A más de una semana de la captura de Joaquín Guzmán, alías el “Chapo”, aún quedan muchas dudas sobre las implicaciones de su captura, desde las posibles consecuencias en un reajuste de la delincuencia organizada, hasta lo relativo a su posible extradición a los Estados Unidos. Lo que ya ha quedado claro es que su detención parece haber sido más un resultado aislado de la directa intervención del aparato de investigación de nuestro vecino del norte que el producto de la implementación de una estrategia integral desarrollada por el propio gobierno mexicano. Por ello no extraña que las primeras confirmaciones sobre su detención provinieran de los Estados Unidos, tanto de los medios de comunicaciones como de instituciones oficiales (la DEA dio de baja al Chapo del sitio de los más buscados mucho antes del anuncio oficial del gobierno mexicano).

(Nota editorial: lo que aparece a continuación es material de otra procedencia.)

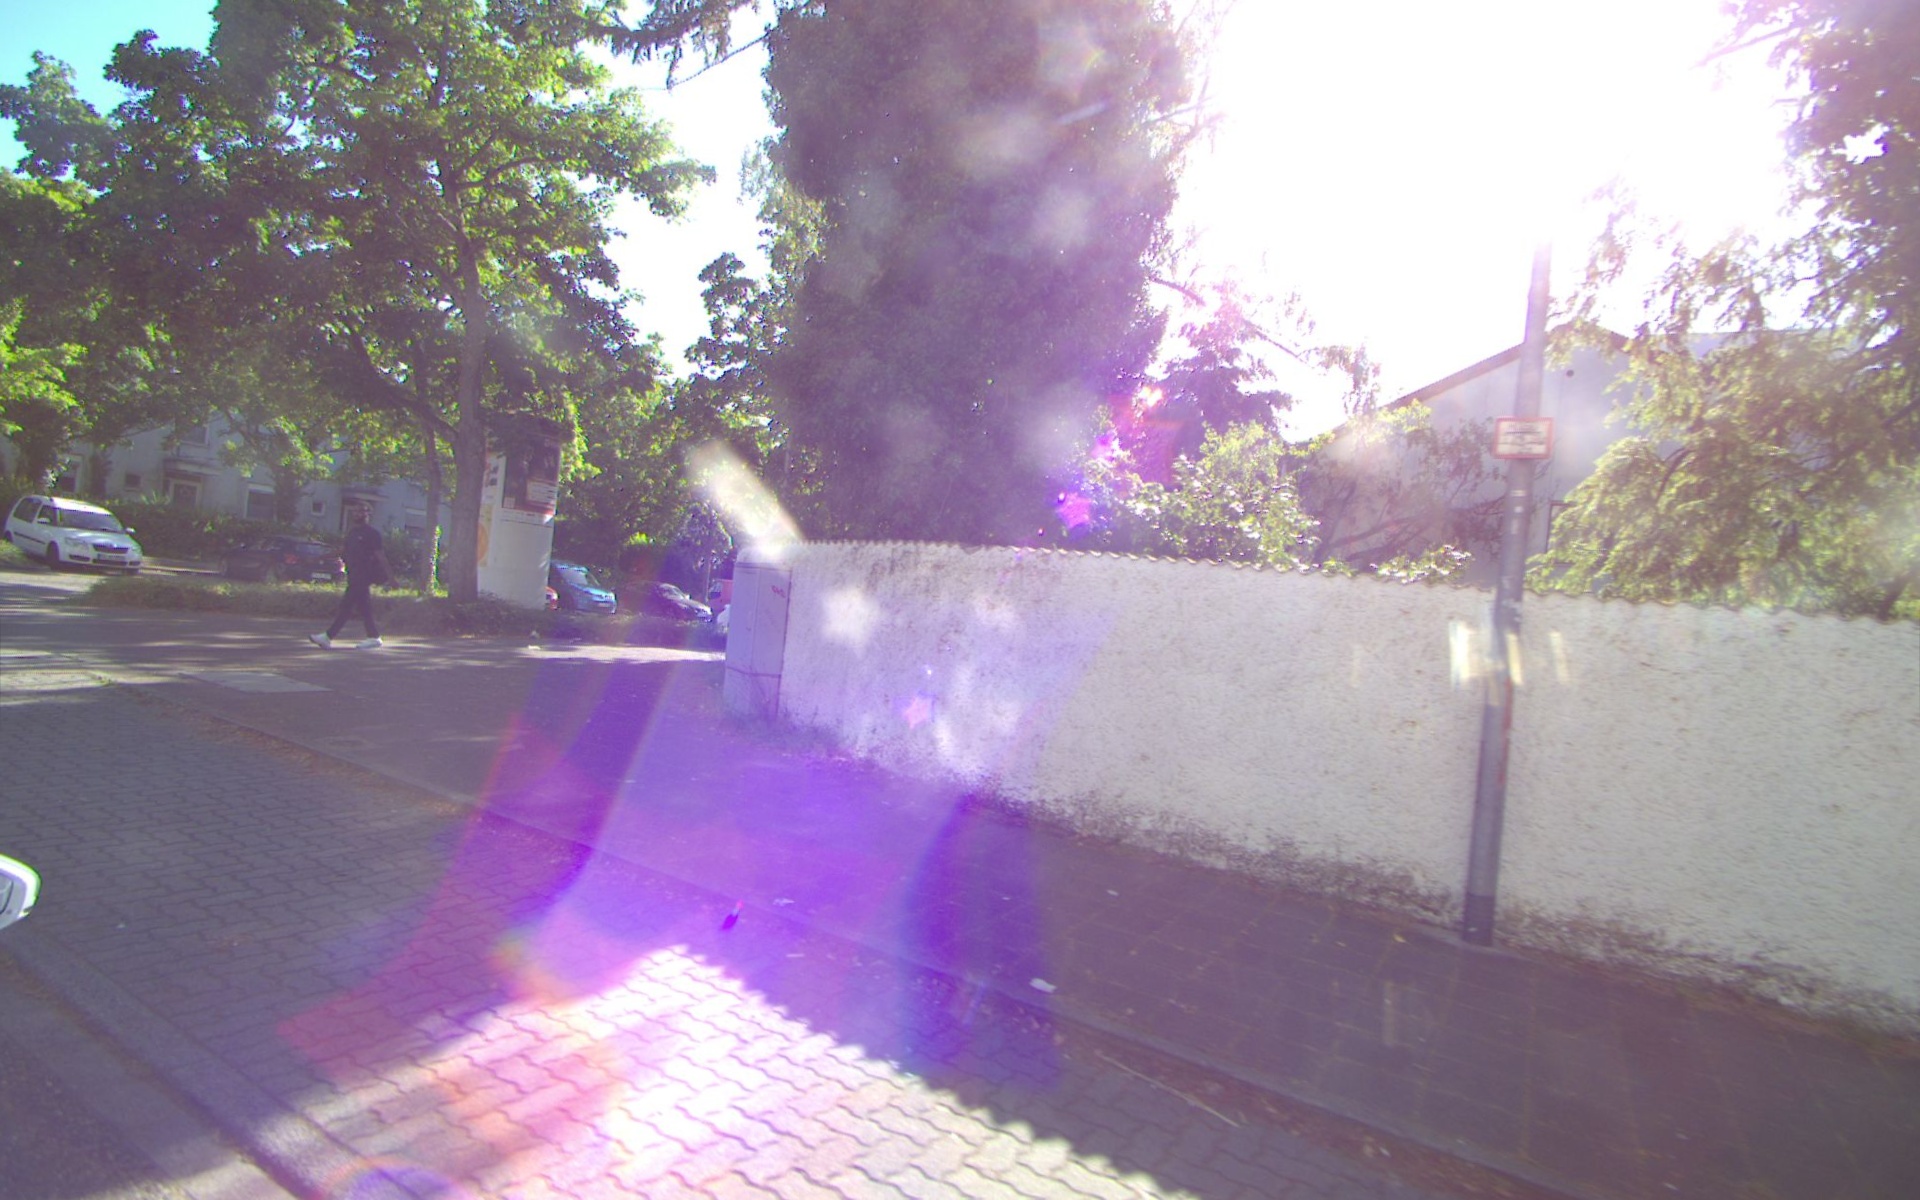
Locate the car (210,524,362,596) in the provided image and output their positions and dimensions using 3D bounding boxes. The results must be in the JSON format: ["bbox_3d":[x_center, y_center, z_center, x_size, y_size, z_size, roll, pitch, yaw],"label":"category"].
[{"bbox_3d":[-18.926,-1.129,28.218,4.097,1.423,1.826,8,1,29],"label":"car"}]

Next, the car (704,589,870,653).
[{"bbox_3d":[-5.017,0.599,28.964,4.612,1.423,1.825,4,-2,32],"label":"car"}]

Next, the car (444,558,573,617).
[{"bbox_3d":[-15.449,-0.437,34.387,4.097,1.423,1.826,8,1,29],"label":"car"}]

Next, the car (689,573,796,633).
[{"bbox_3d":[-9.633,0.130,44.424,4.187,2.057,1.971,8,1,29],"label":"car"}]

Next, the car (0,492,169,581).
[{"bbox_3d":[-21.342,-1.551,24.424,4.097,1.618,1.826,8,1,29],"label":"car"}]

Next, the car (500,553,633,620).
[{"bbox_3d":[-14.212,-0.493,36.289,4.585,1.794,1.826,8,1,29],"label":"car"}]

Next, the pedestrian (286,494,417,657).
[{"bbox_3d":[-6.954,-0.263,11.545,0.823,1.705,0.807,7,1,0],"label":"pedestrian"}]

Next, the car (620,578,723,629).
[{"bbox_3d":[-11.580,0.125,40.348,3.722,1.492,1.766,8,1,29],"label":"car"}]

A partir de la acumulación de acciones gubernamentales durante más de un año desde el comienzo de la administración federal actual, ya no resulta aventurado comenzar a caracterizar su conducta. En este sentido, la captura del Chapo refuerza la idea de que en México sólo existe una justicia selectiva, cuyo propósito consiste más en enviar mensajes de intimidación que a contribuir a la consolidación de un verdadero estado de derecho. Así como sucedió con la líder sindical Elba Esther Gordillo, cuya detención envió un mensaje a la clase política en relación con la inexistencia de “intocables”, la captura del Chapo –el capo más rico del mundo- envía una declaración similar a todas las organizaciones delictivas: si el Chapo cayó, cualquiera puede caer. Asimismo, el gobierno federal por medio de la Procuraduría General ha amagado con investigaciones a funcionarios de gobiernos anteriores e inclusive a personajes de grupos empresariales. La justicia selectiva no distingue grupos de interés.
El ejercicio de una justicia selectiva, bajo la premisa de que en México no existen “intocables”, puede terminar por alinear no sólo a los actores políticos sino inclusive a otros actores que, durante las administraciones panistas, se caracterizaron por tener un talante mucho más contestatario ante la autoridad, en específico la sociedad civil organizada o los medios de comunicación. Lo que es peor, la consolidación de un régimen que funcione a partir de una lógica de lealtad o represión parece tener vía libre ante la ausencia de oposición en el sistema de partido, caracterizado actualmente por la debilidad estructural del PAN y la fragmentación de las izquierdas. La tendencia comienza a construir la sensación de un gobierno autoritario capaz de alinear a su favor a los diversos intereses, a lo que cabe preguntar ¿control para qué? He allí el punto crucial del asunto.
Aunque concedamos que, a diferencia de administraciones anteriores, el gobierno actual se caracteriza por una mayor capacidad en el ejercicio del poder, dicha característica no es un valor per se. Si bien el tipo de conducta descrita fortalece la posición de esta administración por medio de la generación de lealtades, abona nada a la consolidación de un verdadero Estado de derecho a largo plazo. No se puede declarar que estemos ante la reconstrucción del antiguo régimen, pero sí se puede afirmar que probablemente nos encontramos ante el nacimiento de un nuevo arreglo institucional distinto al que caracterizó los denominados años de transición. El riesgo consiste en que si los operadores políticos cambian, los arreglos existentes se derrumben. No sería la primera vez que ello sucediera en México. Por último, en el fondo se encuentra el debate respecto de qué tipo de gobierno queremos los mexicanos; el problema es que hasta ahora la realidad parece obligarnos a elegir entre una engañosa vinculación entre control y eficacia por una parte y democracia y parálisis por otra.